[Opening RECORDS section]

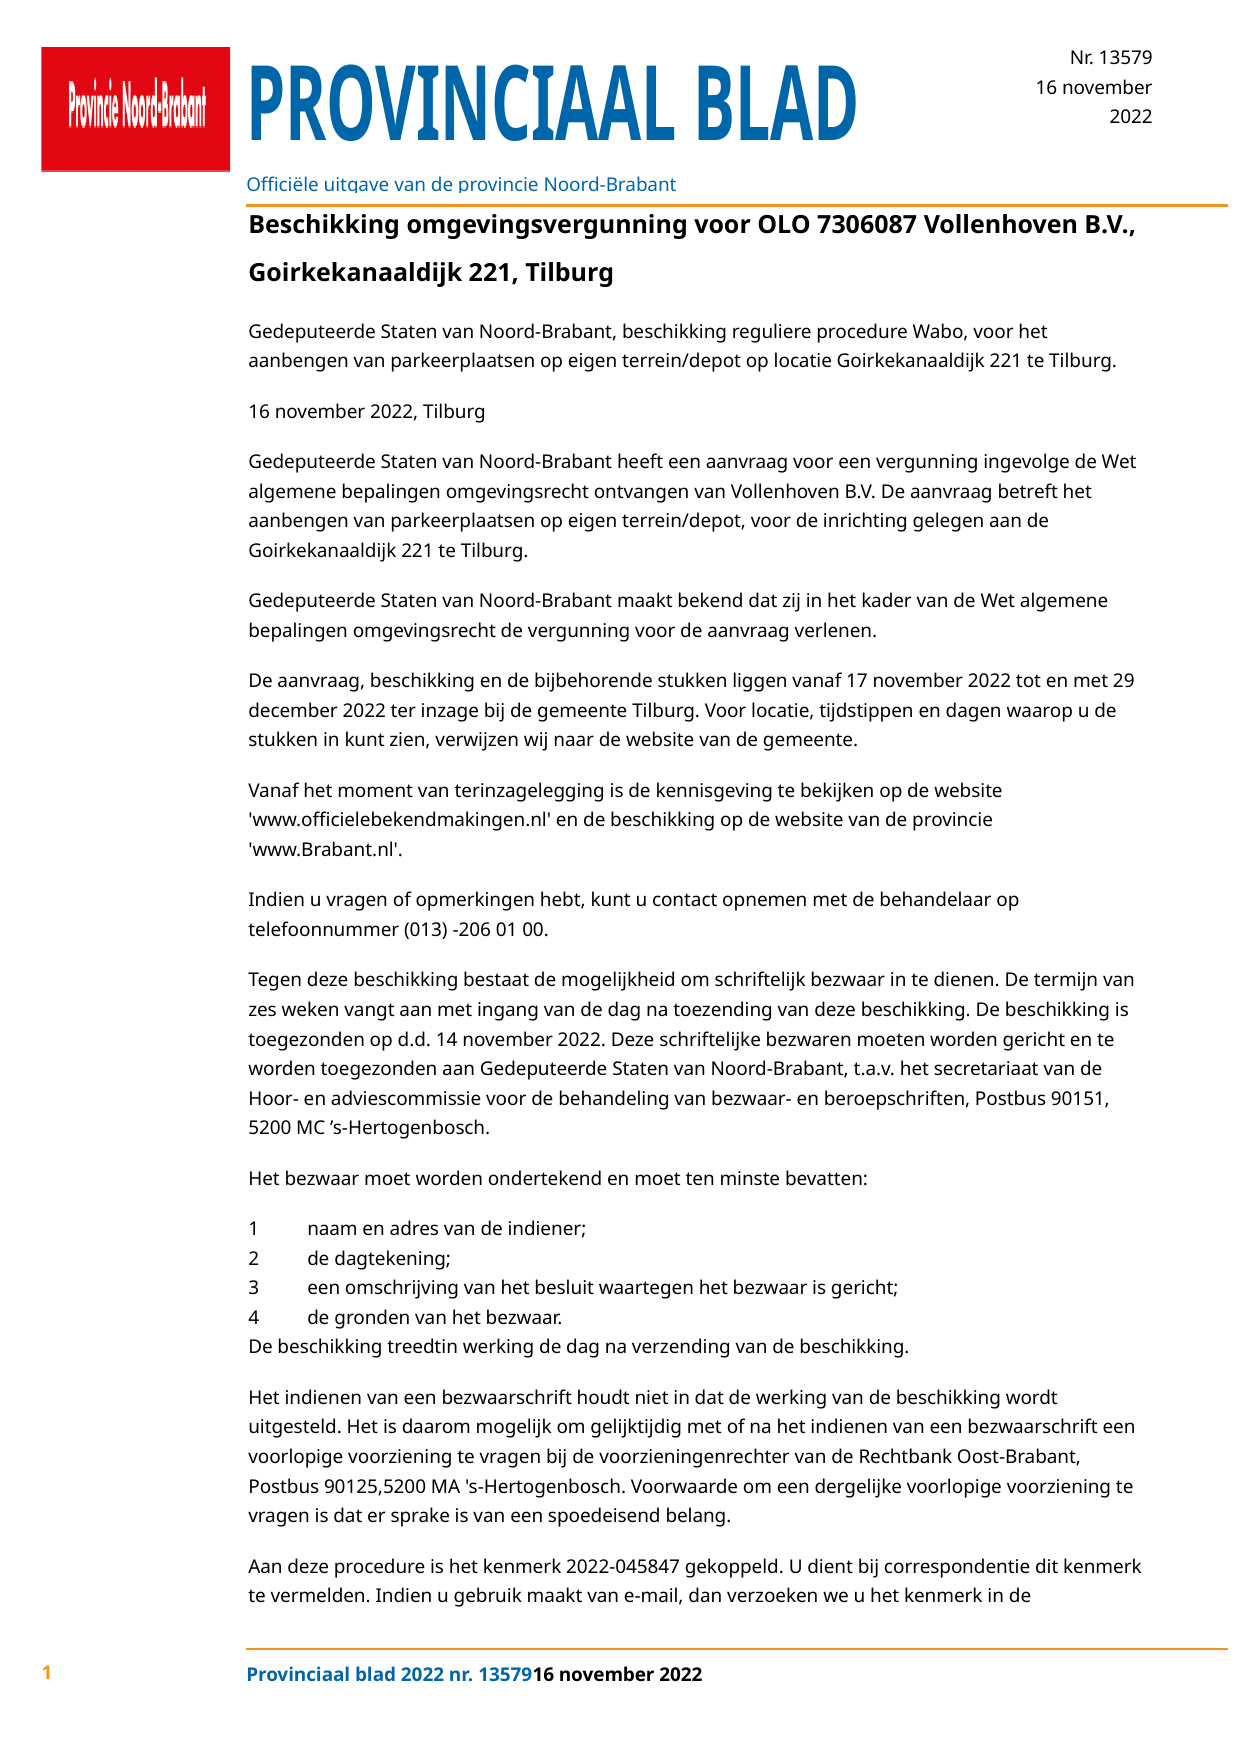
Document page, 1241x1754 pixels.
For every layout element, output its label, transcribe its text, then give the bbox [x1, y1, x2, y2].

list naam en adres van de indiener; [248, 1215, 1152, 1241]
list de dagtekening; [248, 1245, 1152, 1271]
text Het bezwaar moet worden ondertekend en moet ten minste bevatten: [248, 1165, 1152, 1191]
list een omschrijving van het besluit waartegen het bezwaar is gericht; [248, 1274, 1152, 1300]
text De aanvraag, beschikking en de bijbehorende stukken liggen vanaf 17 november 2022 tot en met 29 december 2022 ter inzage bij de gemeente Tilburg. Voor locatie, tijdstippen en dagen waarop u de stukken in kunt zien, verwijzen wij naar de website van de gemeente. [248, 667, 1152, 752]
text Gedeputeerde Staten van Noord-Brabant heeft een aanvraag voor een vergunning ingevolge de Wet algemene bepalingen omgevingsrecht ontvangen van Vollenhoven B.V. De aanvraag betreft het aanbengen van parkeerplaatsen op eigen terrein/depot, voor de inrichting gelegen aan de Goirkekanaaldijk 221 te Tilburg. [248, 448, 1152, 563]
text Aan deze procedure is het kenmerk 2022-045847 gekoppeld. U dient bij correspondentie dit kenmerk te vermelden. Indien u gebruik maakt van e-mail, dan verzoeken we u het kenmerk in de [248, 1553, 1152, 1608]
text Beschikking omgevingsvergunning voor OLO 7306087 Vollenhoven B.V., Goirkekanaaldijk 221, Tilburg [248, 207, 1152, 288]
text Gedeputeerde Staten van Noord-Brabant maakt bekend dat zij in het kader van de Wet algemene bepalingen omgevingsrecht de vergunning voor de aanvraag verlenen. [248, 587, 1152, 643]
text Vanaf het moment van terinzagelegging is de kennisgeving te bekijken op de website 'www.officielebekendmakingen.nl' en de beschikking op de website van de provincie 'www.Brabant.nl'. [248, 777, 1152, 862]
text Gedeputeerde Staten van Noord-Brabant, beschikking reguliere procedure Wabo, voor het aanbengen van parkeerplaatsen op eigen terrein/depot op locatie Goirkekanaaldijk 221 te Tilburg. [248, 318, 1152, 373]
text Het indienen van een bezwaarschrift houdt niet in dat de werking van de beschikking wordt uitgesteld. Het is daarom mogelijk om gelijktijdig met of na het indienen van een bezwaarschrift een voorlopige voorziening te vragen bij de voorzieningenrechter van de Rechtbank Oost-Brabant, Postbus 90125,5200 MA 's-Hertogenbosch. Voorwaarde om een dergelijke voorlopige voorziening te vragen is dat er sprake is van een spoedeisend belang. [248, 1384, 1152, 1528]
text Indien u vragen of opmerkingen hebt, kunt u contact opnemen met de behandelaar op telefoonnummer (013) -206 01 00. [248, 887, 1152, 942]
picture [41, 47, 231, 172]
list de gronden van het bezwaar. [248, 1304, 1152, 1330]
text 16 november 2022, Tilburg [248, 398, 1152, 424]
text Tegen deze beschikking bestaat de mogelijkheid om schriftelijk bezwaar in te dienen. De termijn van zes weken vangt aan met ingang van de dag na toezending van deze beschikking. De beschikking is toegezonden op d.d. 14 november 2022. Deze schriftelijke bezwaren moeten worden gericht en te worden toegezonden aan Gedeputeerde Staten van Noord-Brabant, t.a.v. het secretariaat van de Hoor- en adviescommissie voor de behandeling van bezwaar- en beroepschriften, Postbus 90151, 5200 MC ’s-Hertogenbosch. [248, 967, 1152, 1140]
text De beschikking treedtin werking de dag na verzending van de beschikking. [248, 1334, 1152, 1359]

[Closing RECORDS section]

> [ACTIVITY]: Copy out nothing but the lines from the beginning of the records through the one that contains "text Het bezwaar". Skip the pictures.

> [TASK ANSWER]:
Document page, 1241x1754 pixels.
For every layout element, output its label, transcribe its text, then give the bbox [x1, y1, x2, y2].

list naam en adres van de indiener; [248, 1215, 1152, 1241]
list de dagtekening; [248, 1245, 1152, 1271]
text Het bezwaar moet worden ondertekend en moet ten minste bevatten: [248, 1165, 1152, 1191]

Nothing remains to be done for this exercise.